Regarding Claim 2 Shalon et al. teach: The method of claim 1, wherein the capturing of the in-ear audio signal is performed when the ear canal is at least partially occluded or partially isolated from an external environment to provide an occlusion effect (See rejection of claim 1 and Fig.1, [0096] Chewing events can also be sensed via mechanical deformation of the ear canal that occurs during chewing. The deformations of the ear canal can be detected using microphones or mechanical sensors such as accelerometer, piezo or strain gage technology known in the art, and/or changes in volume or pressure of a space-filling element in the ear canal, and/or optical means. The system can be designed with flexible members to universally fit into all ear canals, or a limited number of standard sizes to fit most ear canals, or lastly custom fit for each individual based on his or her ear canal geometry. [0394] In a preferred embodiment, the sensor can sense speech, jaw motion, ear deformation, and/or other signals in an unobtrusive package that does not occlude hearing and/or completely block the ear canal. [0395] … The sensor can be small enough to allow room in the canal for sound and air circulation, so the wearer does not feel plugged by the device, and external sound is allowed to get to the tympanic membrane essentially unattenuated.).

Regarding Claim 5, Shalon et al. teach: The method of claim 1, wherein validating the extracted audio features further comprises comparing the extracted audio features with a plurality of samples of the in-ear audio signal (See rejection of claim 1 and [0206] Sensor unit 12 (bone conduction microphone in this case) records the sounds made by chewing, swallowing, biting, sipping, and drinking. The salient acoustic features are extracted using a statistical-based pattern recognition system to classify the sounds into specific events. The output of the recognizer can be a hypothesized event sequence that can be used to track the flow of ingested food.

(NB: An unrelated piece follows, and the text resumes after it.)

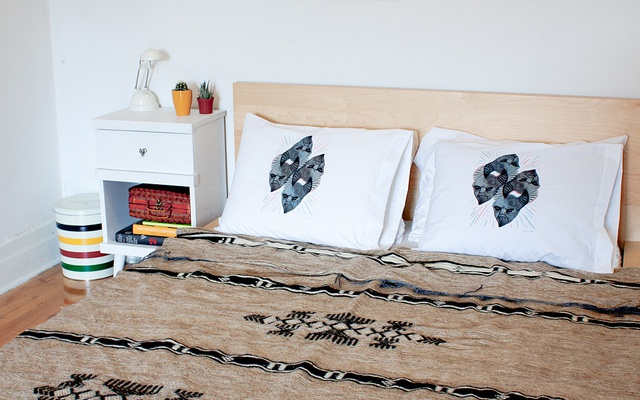Describe the objects in this image and their specific colors. I can see bed in lightgray, darkgray, and gray tones, potted plant in lightgray, orange, and black tones, potted plant in lightgray, brown, darkgray, gray, and maroon tones, book in lightgray, black, gray, blue, and navy tones, and book in lightgray, orange, and tan tones in this image.

The accuracy of the hypothesized output can be validated using a database of sounds annotated by a panel of human expert listeners. [0209] A signal processing module extracts a sequence of salient features from the digitized signal. The digitized signal can be parameterized using short-term analysis frames. The frame rate is 1/100 ms and the analysis window is 500 ms. [0210] The sequence of states is used to hypothesize the sequence of bites, chews, and swallows. [0211] Features such as chew count, chew, duration, and chew energy are computed as part of "eating" events. The features are fed to a mapping algorithm that estimates the weight of the ingested food based on a calibration of the known food weight reference available database used to train system 10.).

Regarding Claim 6, Shalon et al. teach:  The method of claim 1, wherein validating the extracted audio features further comprises testing the classification module with the extracted audio features (See rejection of claim 5, specifically [0211] Features such as chew count, chew, duration, and chew energy are computed as part of "eating" events. The features are fed to a mapping algorithm that estimates the weight of the ingested food based on a calibration of the known food weight reference available database used to train system 10.).

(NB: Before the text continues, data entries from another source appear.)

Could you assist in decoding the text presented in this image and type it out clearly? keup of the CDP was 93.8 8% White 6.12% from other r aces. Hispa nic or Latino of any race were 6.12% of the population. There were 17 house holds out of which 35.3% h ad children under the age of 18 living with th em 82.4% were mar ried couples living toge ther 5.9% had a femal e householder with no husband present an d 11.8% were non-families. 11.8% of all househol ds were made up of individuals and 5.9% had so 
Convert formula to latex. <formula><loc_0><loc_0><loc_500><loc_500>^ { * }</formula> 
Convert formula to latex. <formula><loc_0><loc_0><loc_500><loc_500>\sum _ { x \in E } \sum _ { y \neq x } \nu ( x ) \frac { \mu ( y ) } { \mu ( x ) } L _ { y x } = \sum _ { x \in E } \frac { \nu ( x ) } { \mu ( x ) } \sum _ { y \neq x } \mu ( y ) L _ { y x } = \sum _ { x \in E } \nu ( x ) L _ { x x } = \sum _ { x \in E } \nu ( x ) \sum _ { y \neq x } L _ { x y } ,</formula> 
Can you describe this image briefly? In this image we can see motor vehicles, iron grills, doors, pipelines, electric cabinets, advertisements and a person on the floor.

Regarding Claim 7, Shalon et al. teach:  The method of claim 6, wherein testing the classification module further comprises capturing another in-ear audio signal for a same at least one nonverbal audio event (See rejection of claim 5, specifically [0206] Sensor unit 12 (bone conduction microphone in this case) records the sounds made by chewing, swallowing, biting, sipping, and drinking. The output of the recognizer can be a hypothesized event sequence that can be used to track the flow of ingested food. The accuracy of the hypothesized output can be validated using a database of sounds annotated by a panel of human expert listeners).

Regarding Claim 8, Shalon et al. teach:  The method of claim 1, wherein the at least one nonverbal audio event is a user induced nonverbal audio event (See rejection of claim 5, specifically [0206] Sensor unit 12 (bone conduction microphone in this case) records the sounds made by chewing, swallowing, biting, sipping, and drinking.).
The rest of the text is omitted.